Here I am instructing the gcc that invoke the compiler tool. The " -S " flag  instructs the gcc to invoke the compiler tool and take the add1.i as the input for the compiler. The compiler will now process the add1.i  pre-processed file and convert it into an assembly instructions . The assembly code will be pushed into a file called " add2.s ". This file is the container of the assembly code and has an extension " .s " which indicates that the file contains the assembly code inside the file.

check out the below screenshots:
  This means that in my temp directory I have the source code file add.c and the pre-processed output add1.c. Now lets invoke the compiler and convert the add1.i into an assembly instruction set add2.s

 Now I want you to clearly observe the above screen shot. I have executed the command to perform the second phase of the compilation and then executed a command to display the list of files in my directory. Now I have three file, add2.s is now added to the directory temp.

The add2.s is the assembly output given by the gcc. Lets use the " -v " flag to get the verbose output and know exactly the approach of the compiler tool.

command:    gcc  -S  -v  app1.i  -o  app2.s

When I execute the above command it will display the approach taken by the compiler tool to generate the assembly instructions.


 After executing the above command we will get an output like this.


What the Gcc does is initially it will read a file called " specs " which we can refer as the specifications. This file is automatically installed when the Ubuntu is installed. It tells the compiler where to look and what to look for. The next step is the target. Gcc will check  for which platform it is generating the code. Here in my machine its showing  " Target: i686-linux-gnu "

After this step there will be some verifications and validation performed by the gcc and the gcc will look for the options or flags or switches we have provided to it. 

COLLECT_GCC_OPTIONS='-S' '-v' '-o' 'add2.s' '-mtune=generic' '-march=i686'

The additional flags which are required will be provided by the gcc itself.

Observe carefully the below screen shot.
 
 
gcc will now call the tool called " cc1". cc1 is the tool which will compile the pre-processed code into an assembly code. The tool cc1 will perform both the pre-processing as well as the compiler operations. The operation it needs to perform will depend on the flag we provide to it. If we give the  
" -E " flag, cc1 will perform the pre-processing and if we give the " -S " flag, cc1 will act as a compiler.

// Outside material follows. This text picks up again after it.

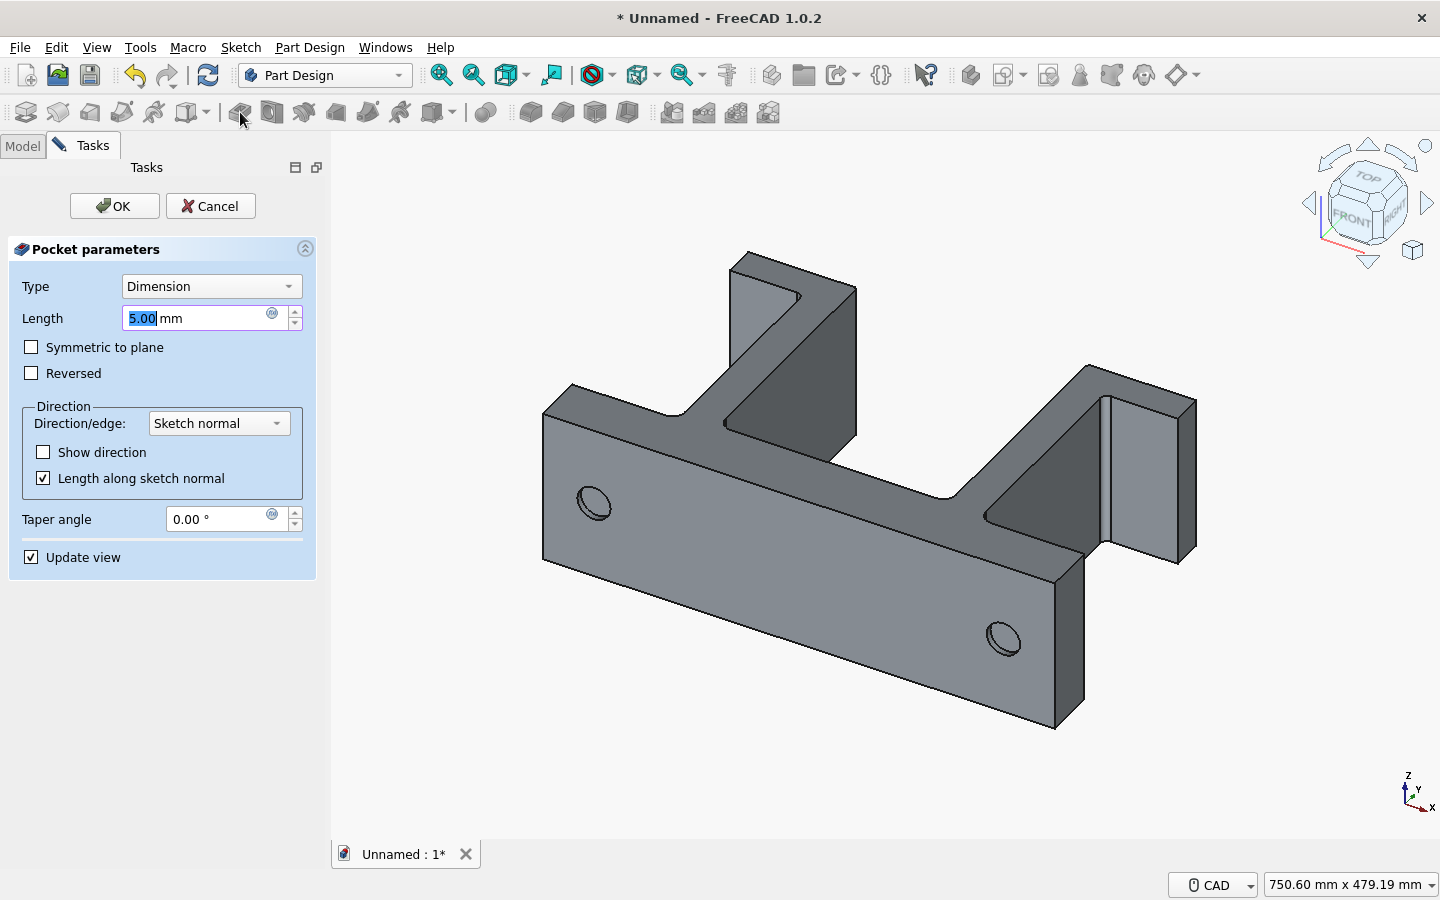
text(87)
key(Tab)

One more important thing we need to observe is that its showing that the file is already pre-processed. I have clearly highlighted it. 
                                                     
                                                            The next step it does is it will load all the dependent components and will convert the per-processed code into an assembly code.

LETS OPEN THE ASSEMBLY FILE add2.s

file is a command we can use to determine the type of file. The syntax is very simple file <<filename>>

Its showing that the add2.s is an ASCII PROGRAM TEXT, which means that it can be opened using normal text editors. We will use the Vim editor to open the file.. (SYNTAX   VIM  <<FILENAME>>)

 The assembly instruction the gcc generates is specific to the architecture. My machine is using the x86 architecture hence gcc will generate the assembly output for my specific architecture. If we use any other architecture then the gcc will generate the assembly for that specific architecture. 

                                                The reason why the assembly output is architecture specific is because all the architectures may or may not have the same set of registers and same number of registers. The processor will only understand its specific instruction set. The registers in arm architecture and the x86 will be different. Hence the compiler will generate the assembly code specific to the architecture. 

Observe the assembly output carefully. You can find the main function as 
" main: ".
At this point it will be difficult for you to follow and understand the assembly code if you are new to this. I will write an article in future on how to understand the assembly code.